▶ _Work request_
The answer must consist of every line from the entries that holds the word "task".

▶ _Records to use_
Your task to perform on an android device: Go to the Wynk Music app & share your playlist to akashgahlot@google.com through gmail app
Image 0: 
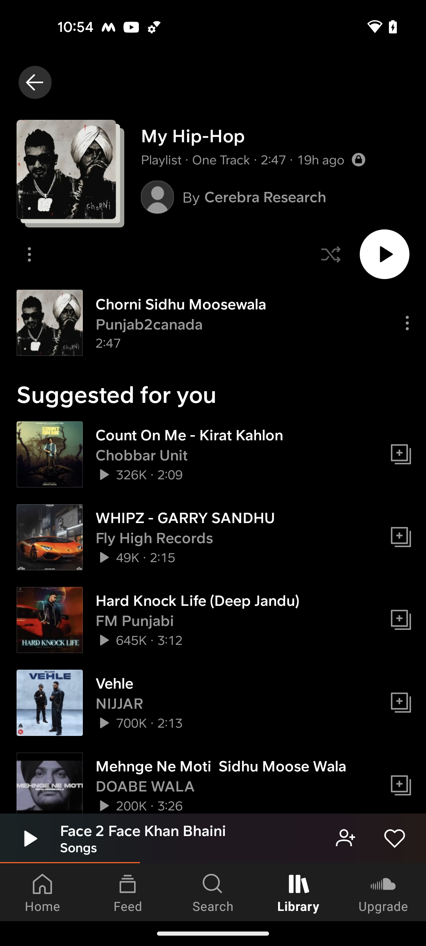
open the Wynk Music app
Step 0: open app "Wynk Music"
Image 1: 
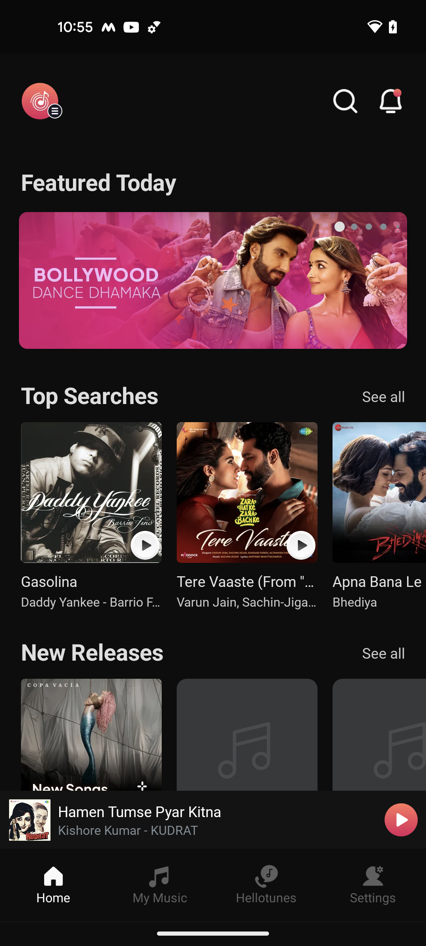
click on the My Music tab at the bottom of the screen
Step 1: click (161, 885)
Image 2: 
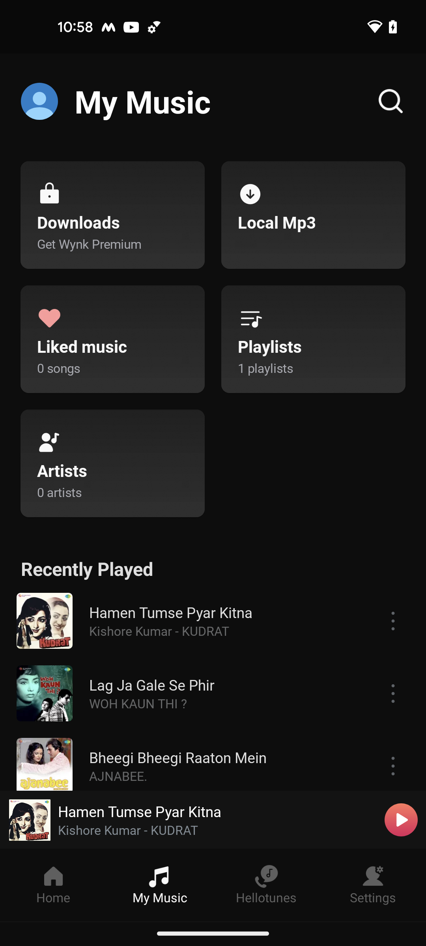
click on Playlists option
Step 2: click (348, 323)
Image 3: 
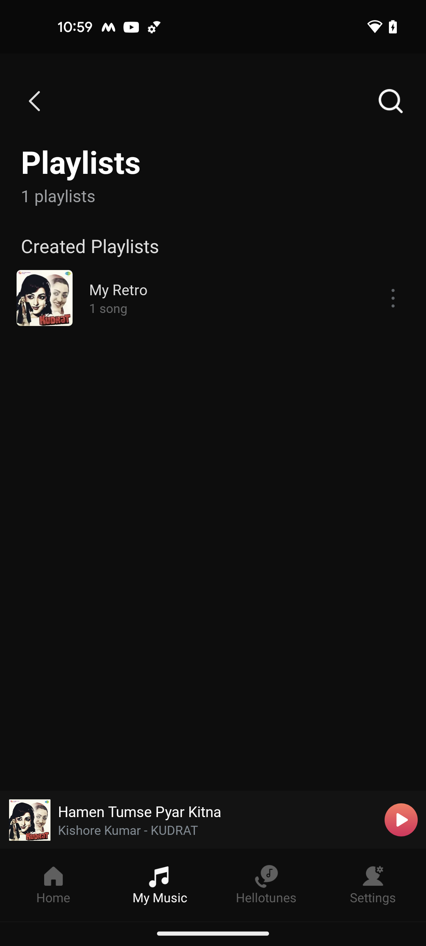
select the Playlist
Step 3: click (118, 289)
Image 4: 
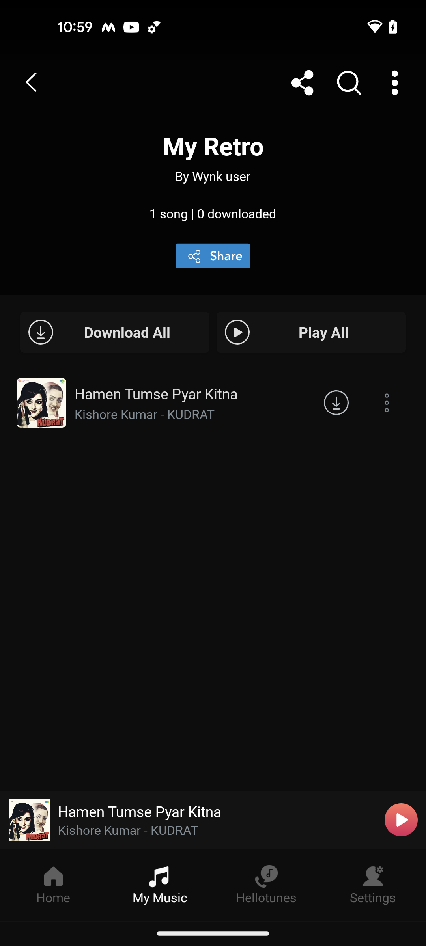
click on the share icon at the top of the screen
Step 4: click (302, 83)
Image 5: 
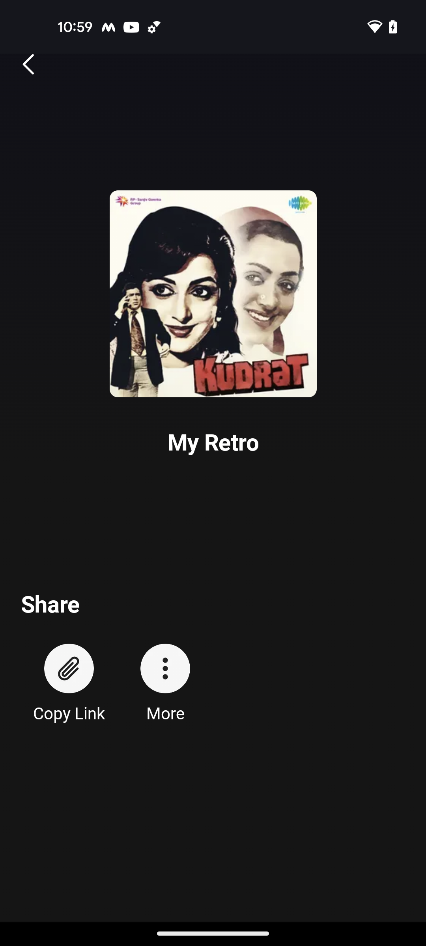
click on the More option
Step 5: click (166, 681)
Image 7: 
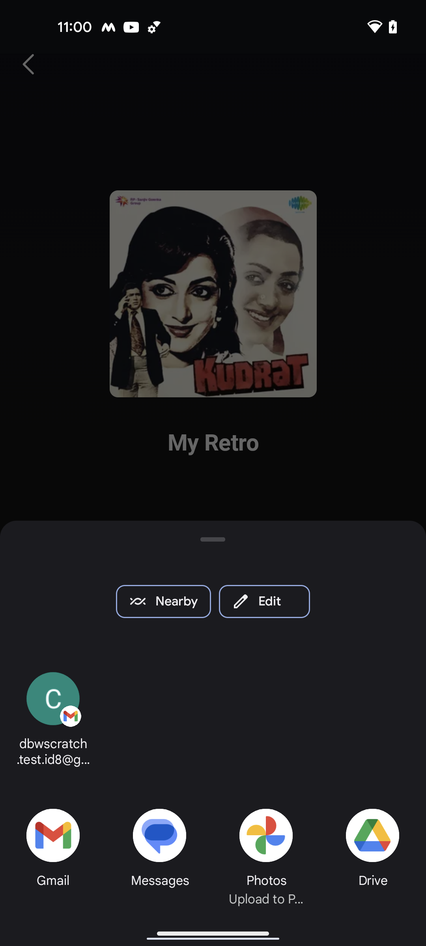
select the Gmail app at the bottom of the screen
Step 7: click (47, 841)
Image 8: 
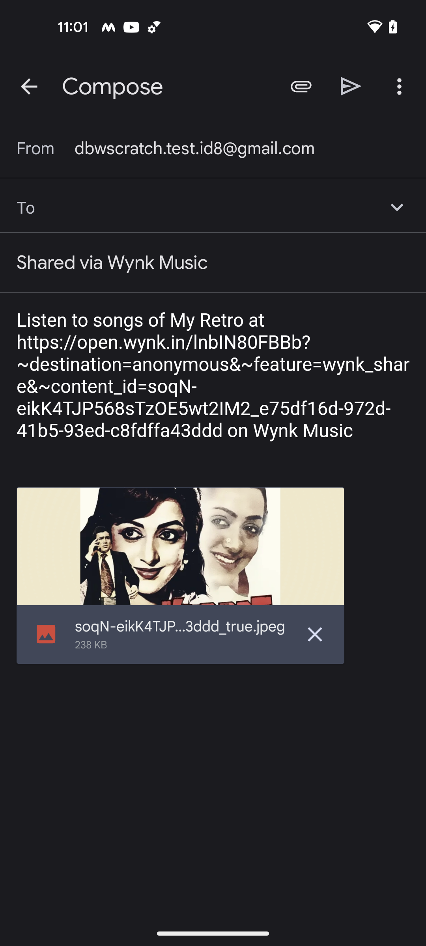
click on the email id typing section
Step 8: click (212, 207)
Image 9: 
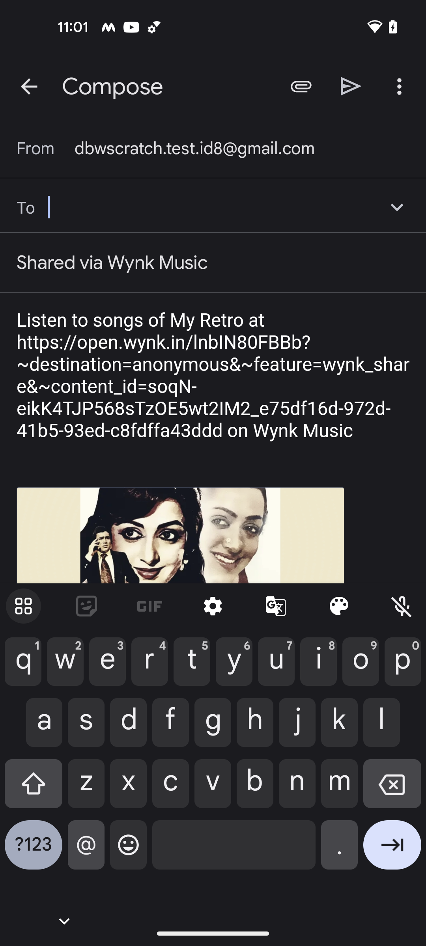
enter the email ID of receiver akashgahlot@google.com
Step 9: type "akashgahlot@google.com"
Image 10: 
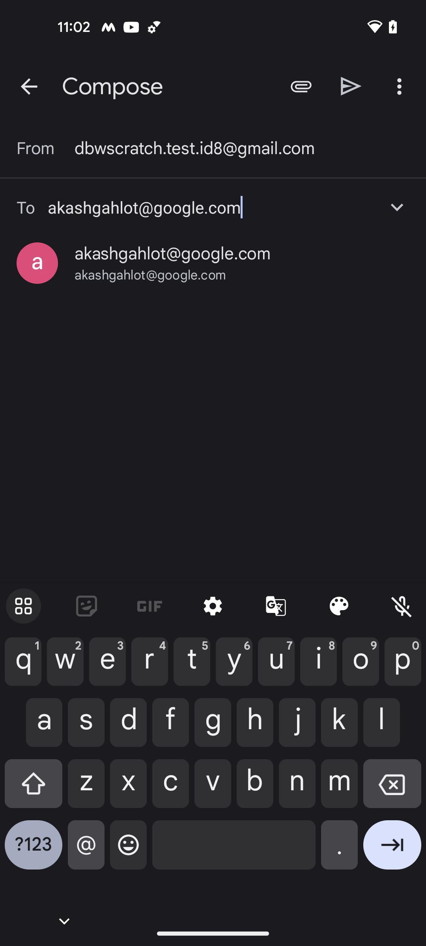
select the email ID
Step 10: click (173, 253)
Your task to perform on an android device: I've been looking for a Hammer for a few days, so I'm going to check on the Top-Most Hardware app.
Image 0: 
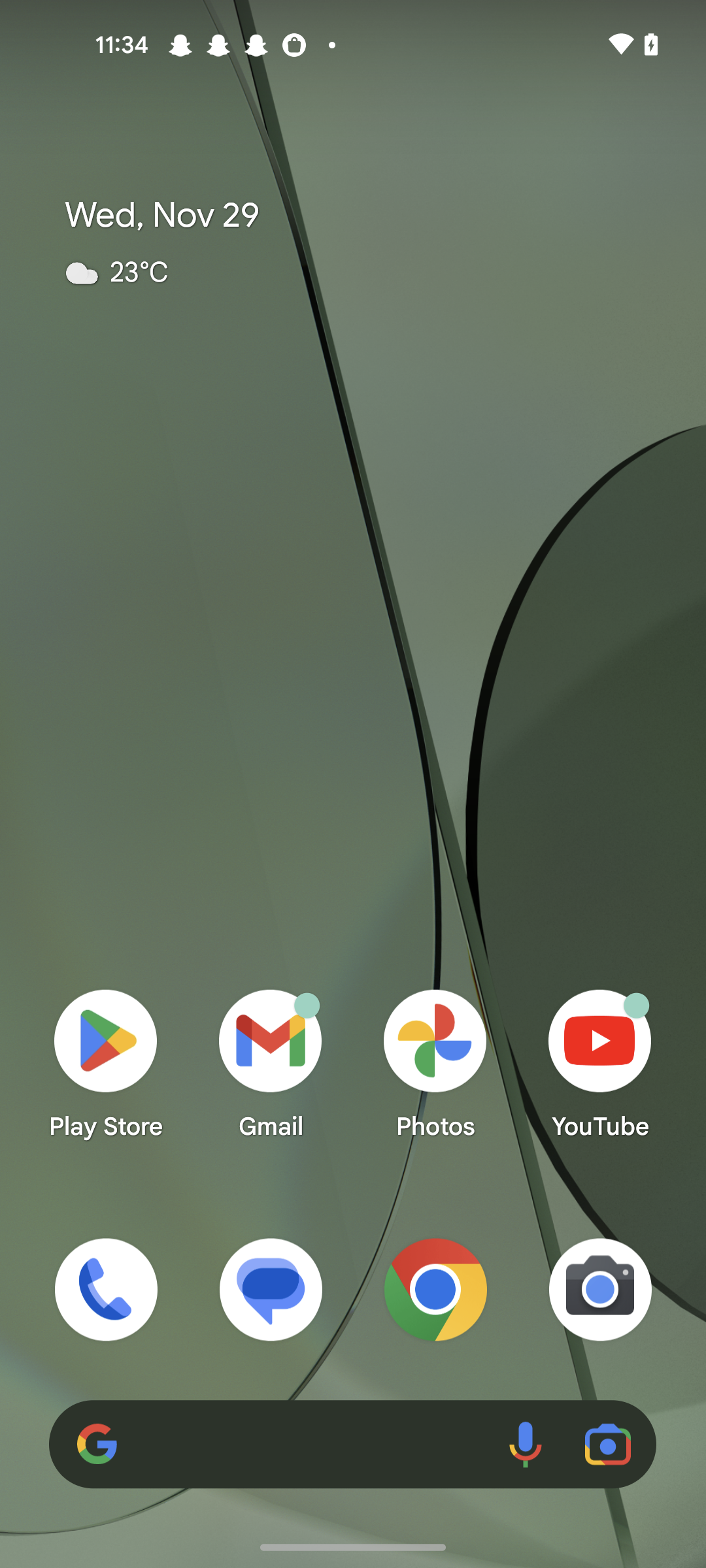
open the Top-Most Hardware app.
Step 0: open app "Top-Most Hardware"
Image 1: 
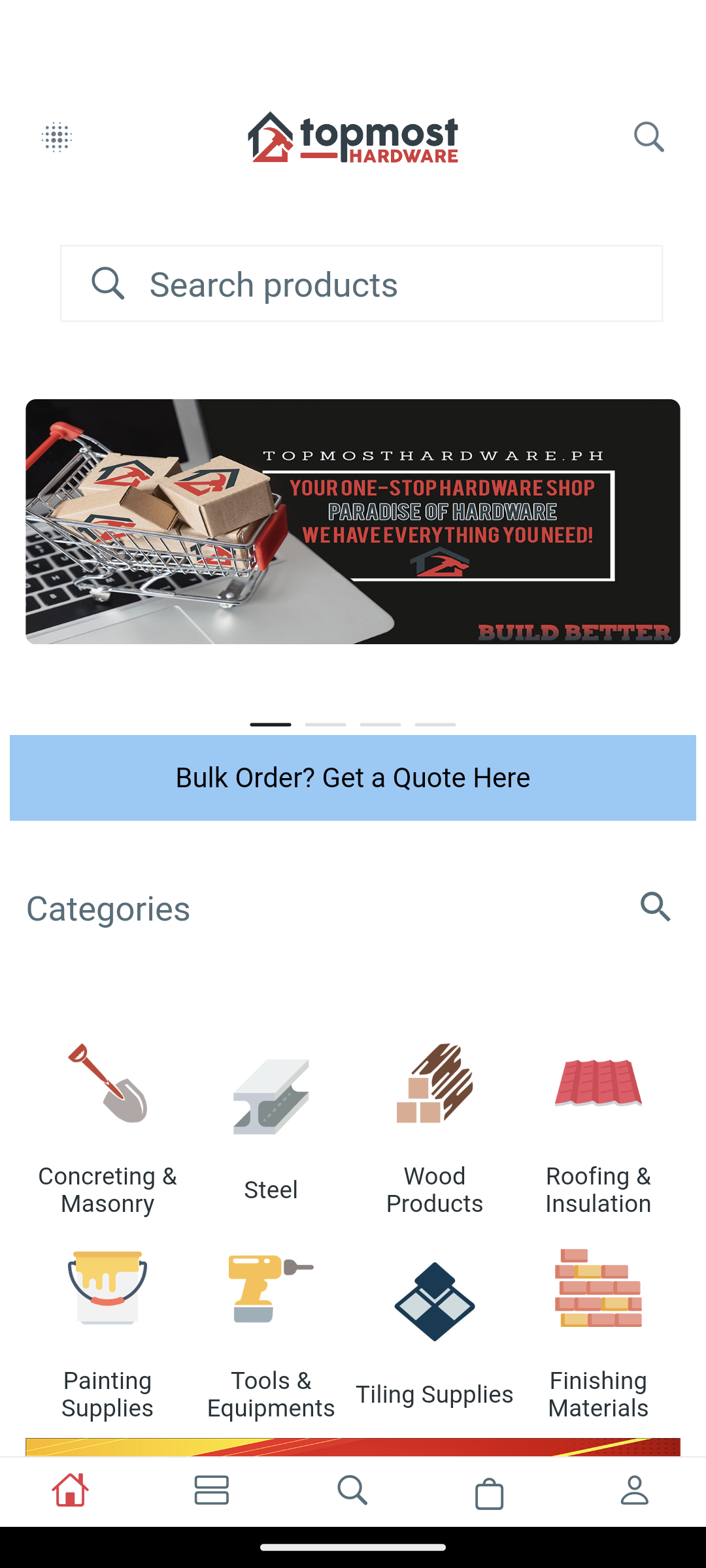
Click on the search bar 
Step 1: click (353, 284)
Image 2: 
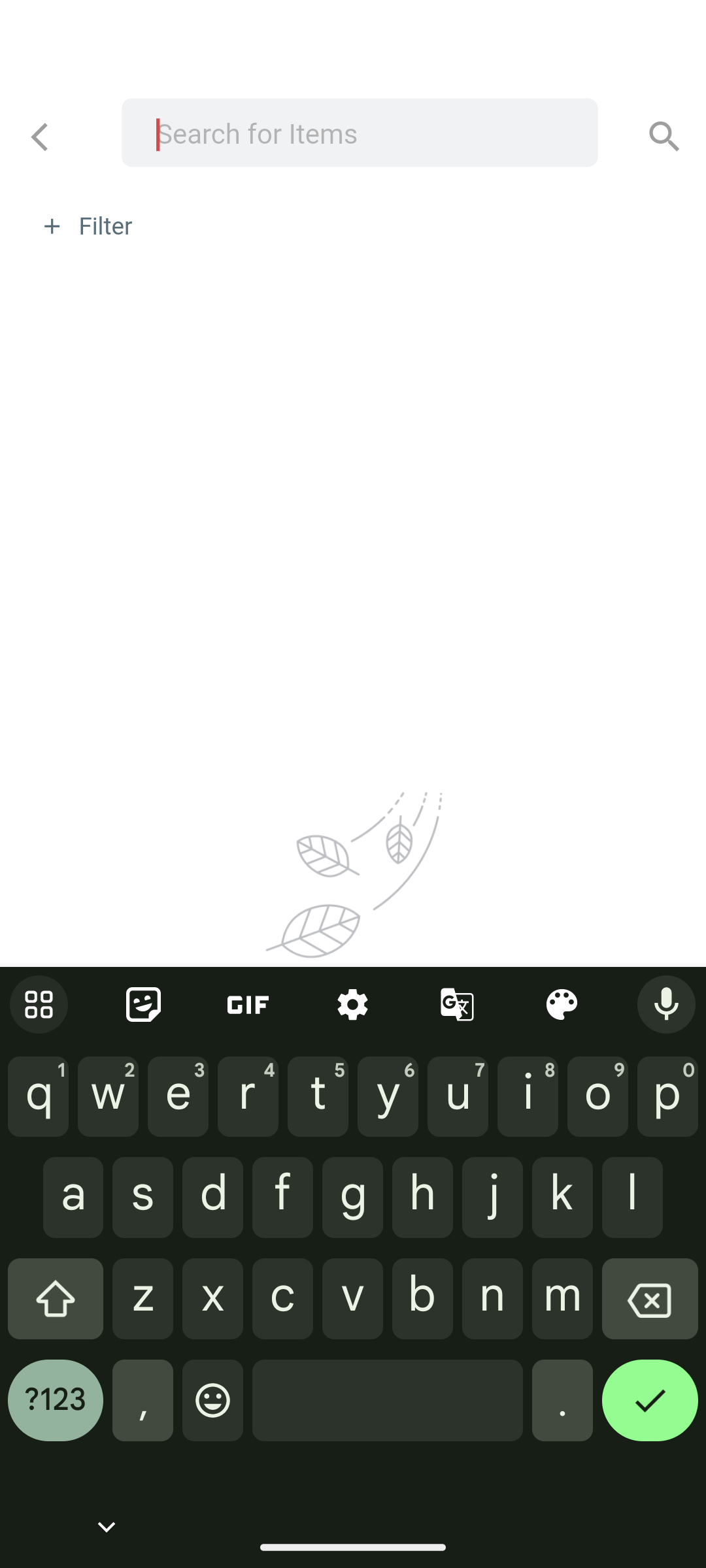
Enter a product as hammer
Step 2: type " hammer"
Image 3: 
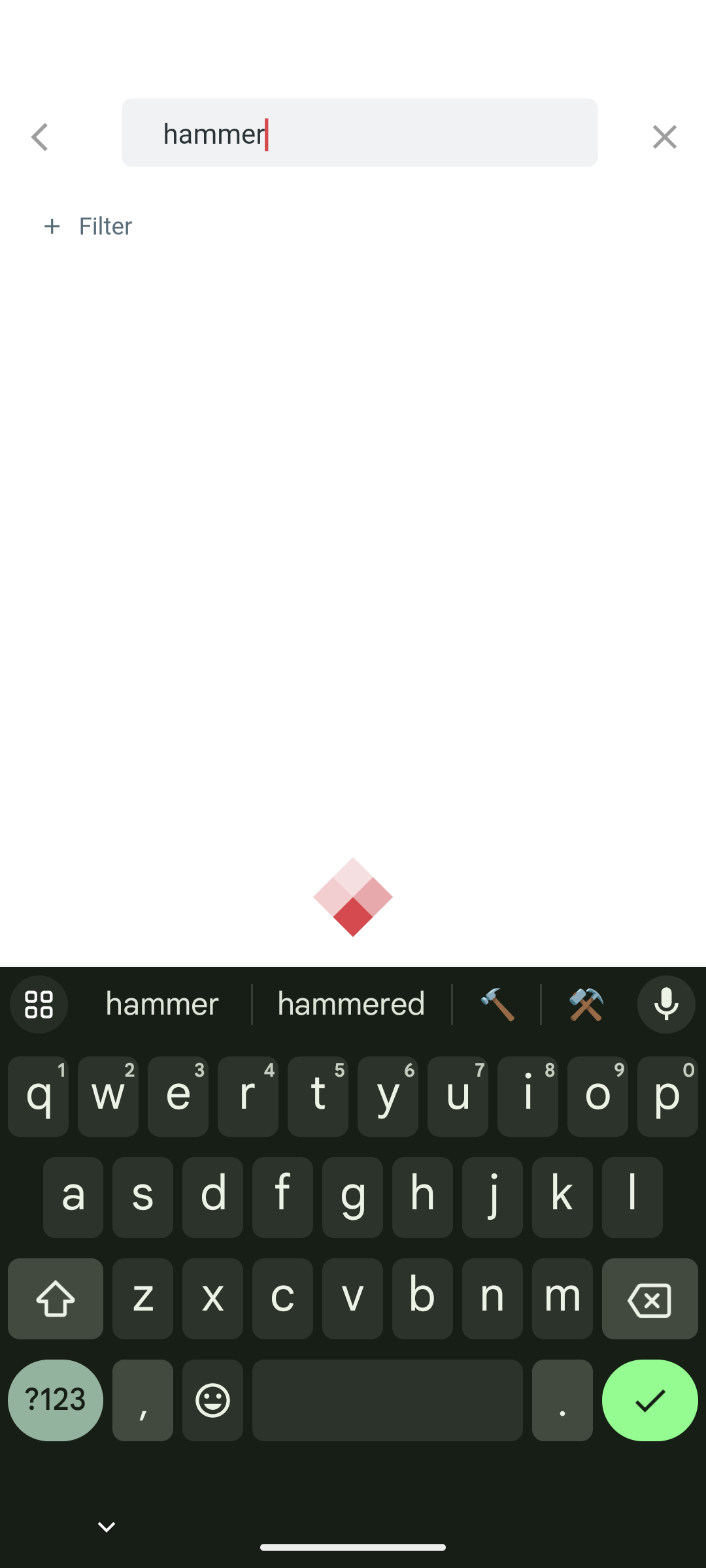
Enter a product as hammer
Step 3: wait

▶ _Written response_
Your task to perform on an android device: Go to the Wynk Music app & share your playlist to akashgahlot@google.com through gmail app
Your task to perform on an android device: I've been looking for a Hammer for a few days, so I'm going to check on the Top-Most Hardware app.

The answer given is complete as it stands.